The pattern of comorbidity of ASAD with PD/PD-AG requires consideration. Definitional factors may account in part for the overlap, with several of the operational criteria of AG, as specified in DSM-IV-TR, being superficially similar to those of ASAD. For example, a reluctance to leave home is a characteristic of both disorders. Clinical experience suggests, however, that the underlying reasons for being housebound differ, with PD-AG patients seeking to avoid situations that trigger panic attacks, whereas the factors that motivate this behaviour in persons with ASAD relate to the need to maintain proximity to attachment figures.

The increased levels of neuroticism amongst ASADs and SPs suggest several possible interpretations. Early onset separation anxiety or social phobia may have a profound impact on character development, increasing the overall tendency towards lifelong worry and insecurity. Conversely, it is possible that anxiety-proneness in early life, a reflection of a possible heritable vulnerability, tends to express itself in symptom patterns that typically emerge in childhood and adolescence, namely SP and separation anxiety. The cross-sectional nature of the study does not allow us to reach a conclusion about the direction of causality in relation to these issues. The gender analyses suggested some personality differences in relation to males with ASAD. As indicated, however, scores for all the relevant indices fell within the low to average range for normative data, suggesting that the findings may not be of substantial clinical importance.
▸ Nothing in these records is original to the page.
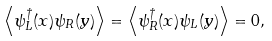<formula> <loc_0><loc_0><loc_500><loc_500>\left \langle { \psi _ { L } ^ { \dagger } ( x ) \psi _ { R } ( y ) } \right \rangle = \left \langle { \psi _ { R } ^ { \dagger } ( x ) \psi _ { L } ( y ) } \right \rangle = 0 ,</formula> 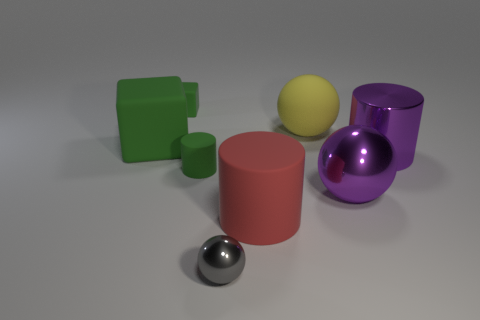There is a cube that is behind the yellow matte sphere; is its color the same as the big matte block?
Offer a terse response. Yes. The tiny green thing that is to the right of the green rubber block behind the large yellow ball is what shape?
Offer a very short reply. Cylinder. What number of things are green rubber things that are behind the large red rubber cylinder or things that are in front of the big red thing?
Give a very brief answer. 4. The red object that is the same material as the large block is what shape?
Your answer should be very brief. Cylinder. Is there any other thing that is the same color as the small cylinder?
Offer a very short reply. Yes. What is the material of the other large thing that is the same shape as the yellow rubber object?
Offer a very short reply. Metal. How many other things are the same size as the yellow matte object?
Your answer should be compact. 4. What is the red cylinder made of?
Your answer should be very brief. Rubber. Are there more green objects to the right of the purple cylinder than large yellow rubber objects?
Make the answer very short. No. Are any red matte cylinders visible?
Your response must be concise. Yes. 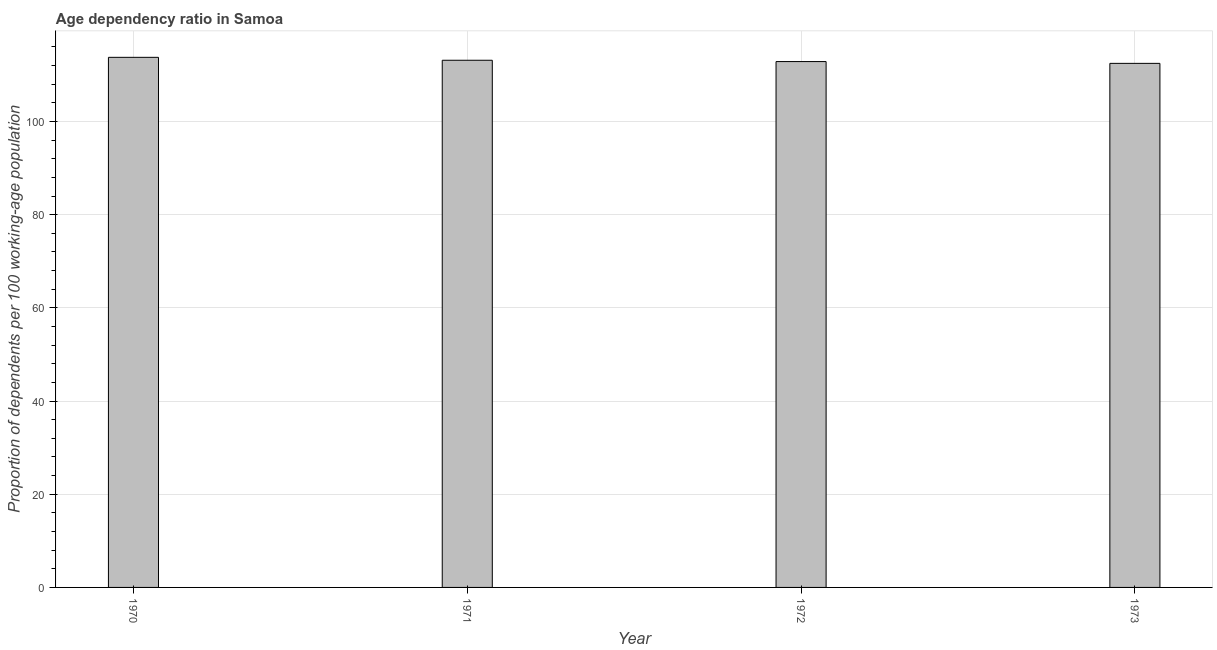Does the graph contain grids?
Your answer should be compact. Yes. What is the title of the graph?
Keep it short and to the point. Age dependency ratio in Samoa. What is the label or title of the X-axis?
Offer a terse response. Year. What is the label or title of the Y-axis?
Provide a short and direct response. Proportion of dependents per 100 working-age population. What is the age dependency ratio in 1972?
Give a very brief answer. 112.87. Across all years, what is the maximum age dependency ratio?
Your response must be concise. 113.78. Across all years, what is the minimum age dependency ratio?
Give a very brief answer. 112.48. What is the sum of the age dependency ratio?
Provide a short and direct response. 452.28. What is the difference between the age dependency ratio in 1970 and 1971?
Your response must be concise. 0.63. What is the average age dependency ratio per year?
Keep it short and to the point. 113.07. What is the median age dependency ratio?
Make the answer very short. 113.01. Do a majority of the years between 1973 and 1970 (inclusive) have age dependency ratio greater than 24 ?
Offer a terse response. Yes. What is the ratio of the age dependency ratio in 1970 to that in 1971?
Make the answer very short. 1.01. What is the difference between the highest and the second highest age dependency ratio?
Provide a short and direct response. 0.63. How many bars are there?
Provide a short and direct response. 4. Are all the bars in the graph horizontal?
Provide a succinct answer. No. How many years are there in the graph?
Offer a very short reply. 4. Are the values on the major ticks of Y-axis written in scientific E-notation?
Your response must be concise. No. What is the Proportion of dependents per 100 working-age population of 1970?
Your answer should be compact. 113.78. What is the Proportion of dependents per 100 working-age population of 1971?
Your response must be concise. 113.15. What is the Proportion of dependents per 100 working-age population of 1972?
Keep it short and to the point. 112.87. What is the Proportion of dependents per 100 working-age population in 1973?
Your answer should be very brief. 112.48. What is the difference between the Proportion of dependents per 100 working-age population in 1970 and 1971?
Offer a very short reply. 0.63. What is the difference between the Proportion of dependents per 100 working-age population in 1970 and 1972?
Your answer should be very brief. 0.91. What is the difference between the Proportion of dependents per 100 working-age population in 1970 and 1973?
Keep it short and to the point. 1.3. What is the difference between the Proportion of dependents per 100 working-age population in 1971 and 1972?
Offer a terse response. 0.28. What is the difference between the Proportion of dependents per 100 working-age population in 1971 and 1973?
Provide a short and direct response. 0.67. What is the difference between the Proportion of dependents per 100 working-age population in 1972 and 1973?
Provide a succinct answer. 0.39. What is the ratio of the Proportion of dependents per 100 working-age population in 1970 to that in 1973?
Provide a succinct answer. 1.01.

A greater recognition of the category of ASAD has important nosological implications. Debate continues as to whether the anxiety disorders should be conceptualised as categorical or dimensional [33]. Taxometric analyses have tended to support a dimensional pattern for most forms of anxiety, including adult separation anxiety [15, 34]. From a dimensional perspective, it could be argued that symptoms of adult separation anxiety are an index of the overall level of severity of the disturbance suffered by anxious patients in general. It is plausible that as the severity of anxiety increases, persons with disorders such as PD-AG or GAD become more insecure, thereby generating a need to maintain proximity to attachment figures. That model might explain the pattern of comorbidity, symptom severity and disability displayed by those meeting criteria for ASAD in the present study. Nevertheless, epidemiological data [3] suggest that ASAD can occur on its own, at least in a minority of those with the diagnosis. Additionally, clinical data [1] indicate that where comorbidity exists, a historical review tends to suggest that separation anxiety symptoms preceded other symptoms of anxiety. That inference is supported by the endorsement of high levels of separation anxiety in childhood by patients with ASAD. As such, available evidence offers some support for the relative independence of ASAD as a form of adult anxiety.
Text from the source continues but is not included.